Almost cult-like, every boy in the hall, bar Regulus, stands in unison. Every single one of them looks bored, bar maybe James and Sirius who seem to be snickering at something. A swift slap across his exposed arm from his mother has Regulus on his feet within seconds. He forgets that this is his school now too, and he must participate. In unison once again, the boys begin naming the four pillars. The words fly over Regulus’s head, as he stumbles over his tongue to repeat them, lest he earns another slap from his mother. Just a second behind the other boys he repeats, ‘tradition, honour, discipline, excellence,’ and prays that no one can see the heat rising to his face. Although that little slip up would try and prove otherwise, Regulus is aware of how Hogwarts operates. It has the holy trinity of hellish rules, strict classes with even stricter teachers, curfews for any free time and the worst of them all in his opinion, shared dorms. The very thought of having another person, let alone a stranger, in his space makes Regulus wants to hurl himself out the nearest window. Regulus cant decide whether the fact that the dorms are split into two people a room makes the shared dorms better or worse. Either way, he is not happy, and his stomach curls even thinking about the year to come. But the metaphorical scales are tipped ever so slightly in the academy’s favour when weighed against having to return to Grimmauld Place, so Regulus knows he has to deal with it no matter how sick it makes him feel. Once again, a voice pulls him back to reality. This time the voices origin is a very old man whose silver beard seems to almost touch his knees. Regulus recognises him. Albus Dumbledore. Hogwarts Academy’s headmaster. Dumbledore recites a greeting to students both new and old, and Regulus is just about to tune out the old man’s rambling when he says;

“As some returning students may have noticed, Mr Kettleburn has taken his retirement early and now is enjoying his days on some farmland taking care of half the countries animals. Because of this, a change in faculty has occurred,’ at this, Dumbledore motions to a man sitting at the far end of the teacher’s bench, a man that has an uncanny resemblance to him, ‘I would like to introduce Mr Aberforth Dumbledore, who will now be the academy’s English teacher.’ At the end of the sentence, hushed whispers fall over the hall. The new teacher seems slightly amused at the reaction. The whack of a teachers cane across the hard wood floors bring the whispers to an abrupt cease. With that, Dumbledore steps back for the pillar and sits. Regulus glances back over at his brother, who seems to be whispering something in James’s ear, which causes him to quickly cover his mouth with his hand.

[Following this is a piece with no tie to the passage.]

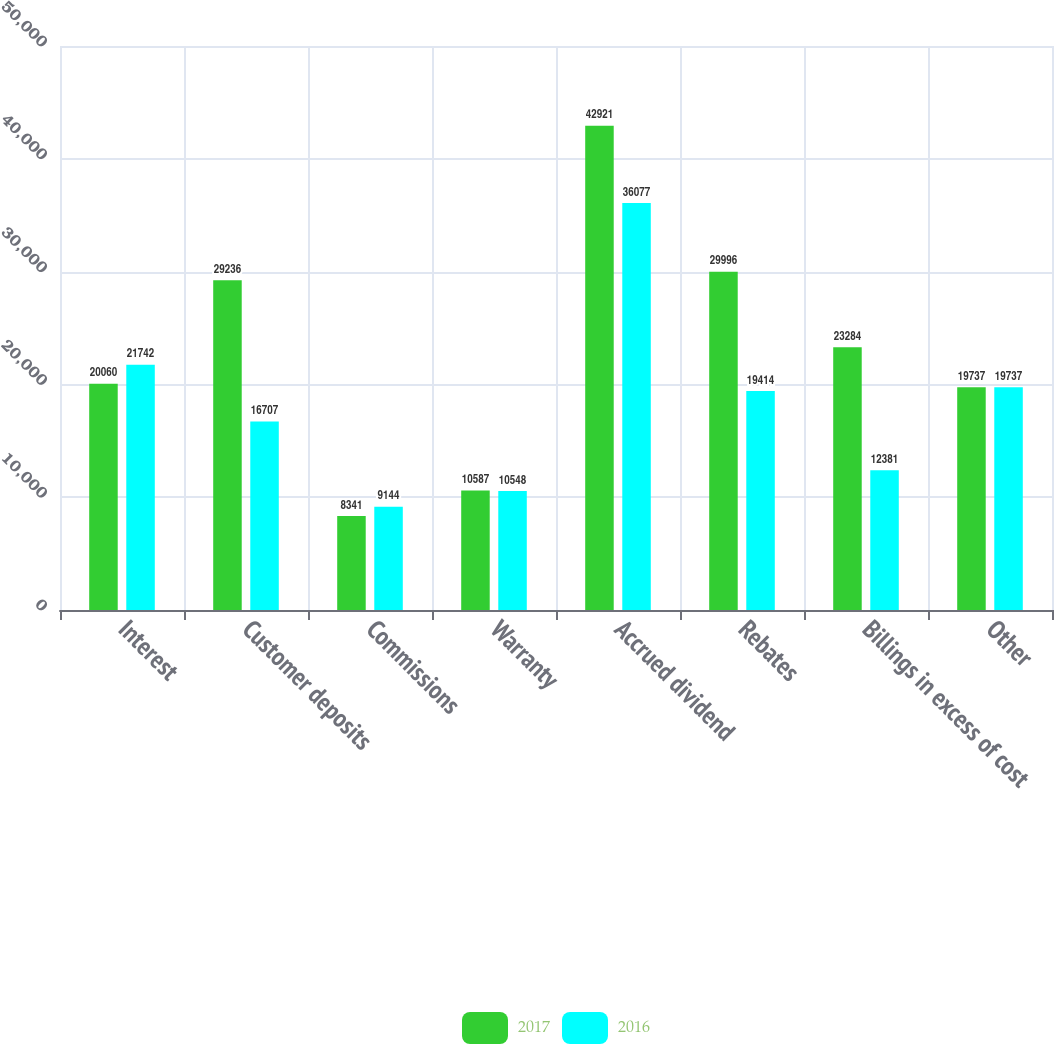<chart> <loc_0><loc_0><loc_500><loc_500><stacked_bar_chart><ecel><fcel>Interest<fcel>Customer deposits<fcel>Commissions<fcel>Warranty<fcel>Accrued dividend<fcel>Rebates<fcel>Billings in excess of cost<fcel>Other<nl><fcel>2017<fcel>20060<fcel>29236<fcel>8341<fcel>10587<fcel>42921<fcel>29996<fcel>23284<fcel>19737<nl><fcel>2016<fcel>21742<fcel>16707<fcel>9144<fcel>10548<fcel>36077<fcel>19414<fcel>12381<fcel>19737<nl></chart>

Regulus feels a pang of jealousy in his stomach, but this time he can’t tell whether its Sirius or James he is jealous of. A bit early to have already developed a crush whispers his brain before he can shut it down. At that, he swears to stay as far away from James as humanly possible.

 

Regulus gathers that the finale of Dumbledore's speech warrants the end of the ‘welcome back to hell’ morning ritual and the beginning of goodbyes and farewells to parents who accompanied their sons. Regulus goodbye to his parents goes something along the lines of this; absolutely zero words from is father, just a harsh judgmental stare and his mother muttering only a few words. “Don’t dishonour the family name.’ And then they’re gone. Regulus finds himself searching for some familiarity, as anxiety and bile rises up his throat as the harsh reality that he is here now. And now he can’t leave. Unfortunately for him, the only familiarity in this place is his older brother. Once again, he looks for the long black locks. And once again he finds him. Sirius is busy hugging a woman who shares the same glasses as James, while James himself is hugging the older version of him. Regulus forces himself to look away, rather staring at his feet while the world continues to move around him. Is he scared? Yes. But he’s also angry. So angry. At what? He couldn’t pinpoint it even with a gun to his head. But he knows he is. He won’t speak a word about it though. But he’ll write about it for sure. Just as soon as the sun sets.